[Exercise brief]
Write out, word for word, every line from the one containing "Lengths in meters, angles" through the last line of the records below, both ends included.

[Data entries]

-=-=-

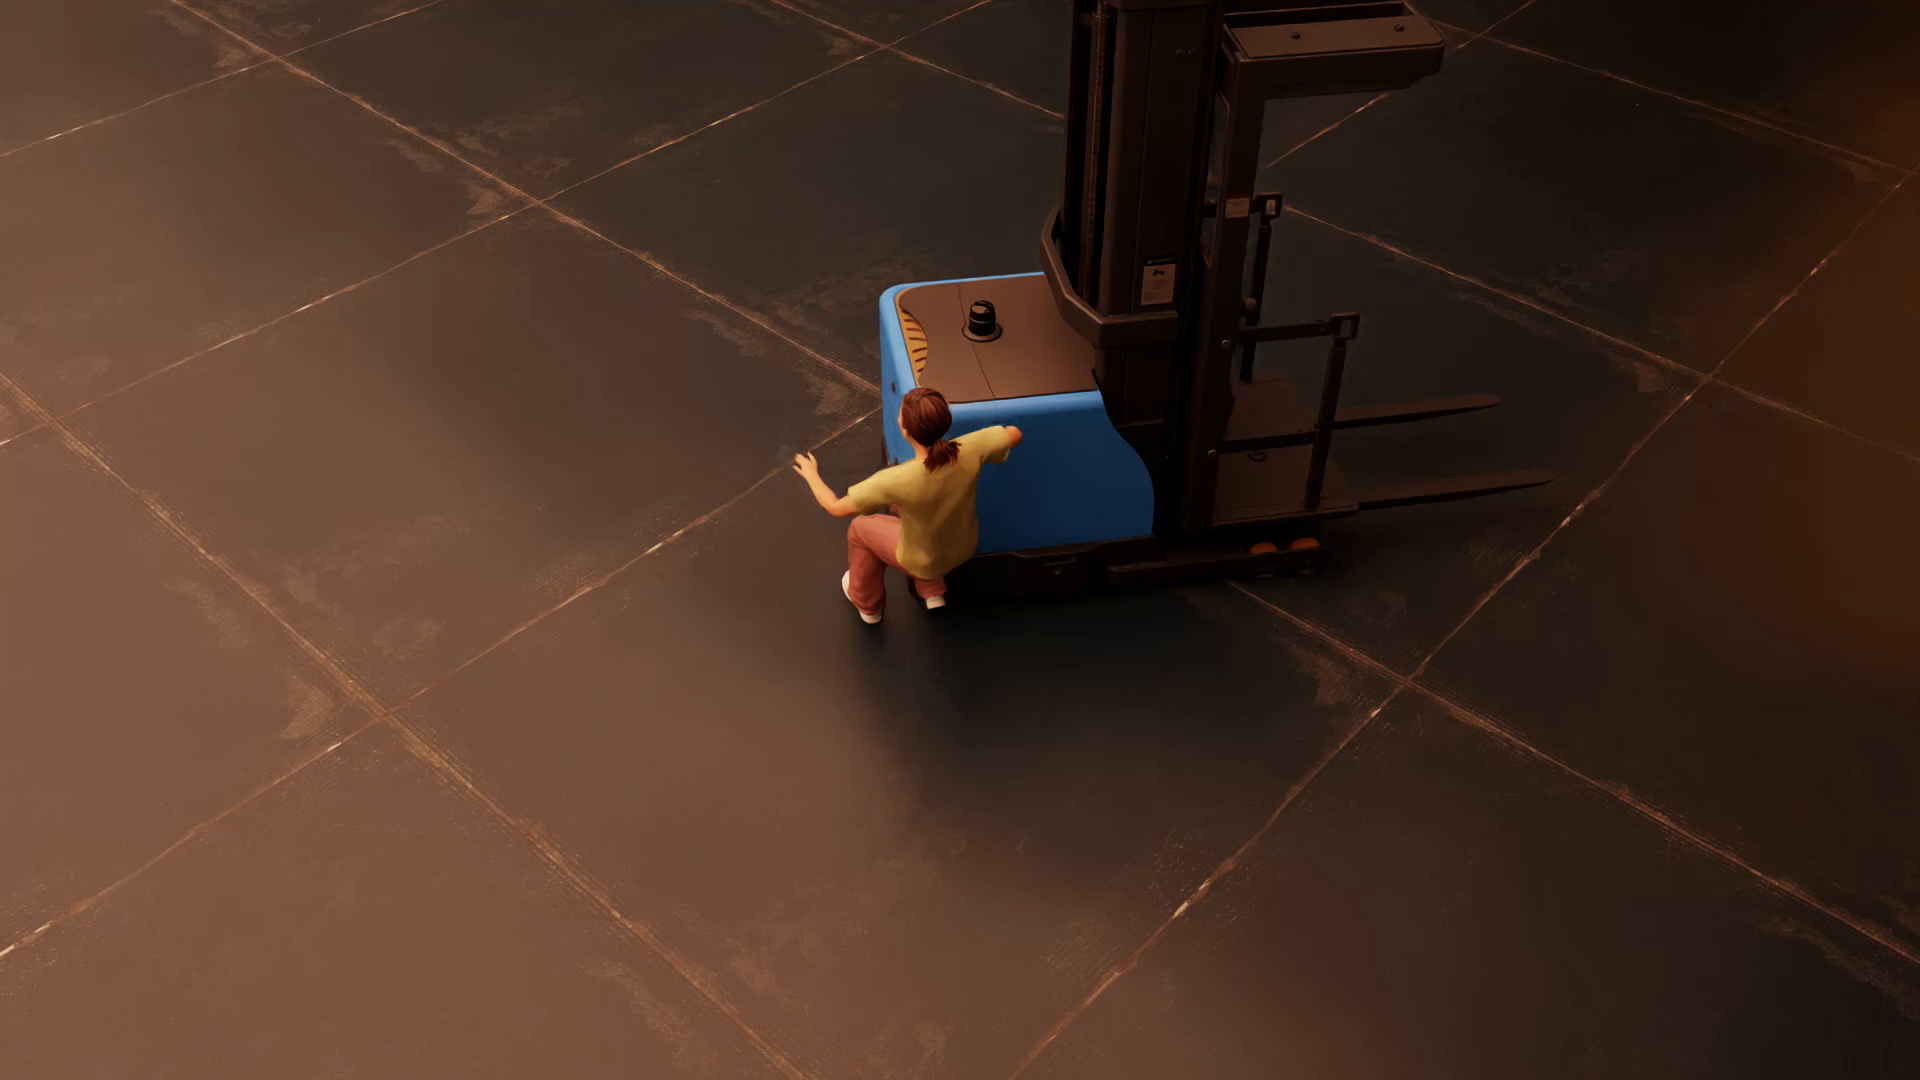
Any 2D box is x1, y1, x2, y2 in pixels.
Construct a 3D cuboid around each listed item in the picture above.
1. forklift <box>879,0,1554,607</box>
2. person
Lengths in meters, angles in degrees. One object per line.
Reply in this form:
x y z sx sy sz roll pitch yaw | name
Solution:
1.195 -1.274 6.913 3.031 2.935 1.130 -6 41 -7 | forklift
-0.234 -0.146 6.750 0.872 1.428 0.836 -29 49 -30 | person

-=-=-

[Task output]
Lengths in meters, angles in degrees. One object per line.
Reply in this form:
x y z sx sy sz roll pitch yaw | name
Solution:
1.195 -1.274 6.913 3.031 2.935 1.130 -6 41 -7 | forklift
-0.234 -0.146 6.750 0.872 1.428 0.836 -29 49 -30 | person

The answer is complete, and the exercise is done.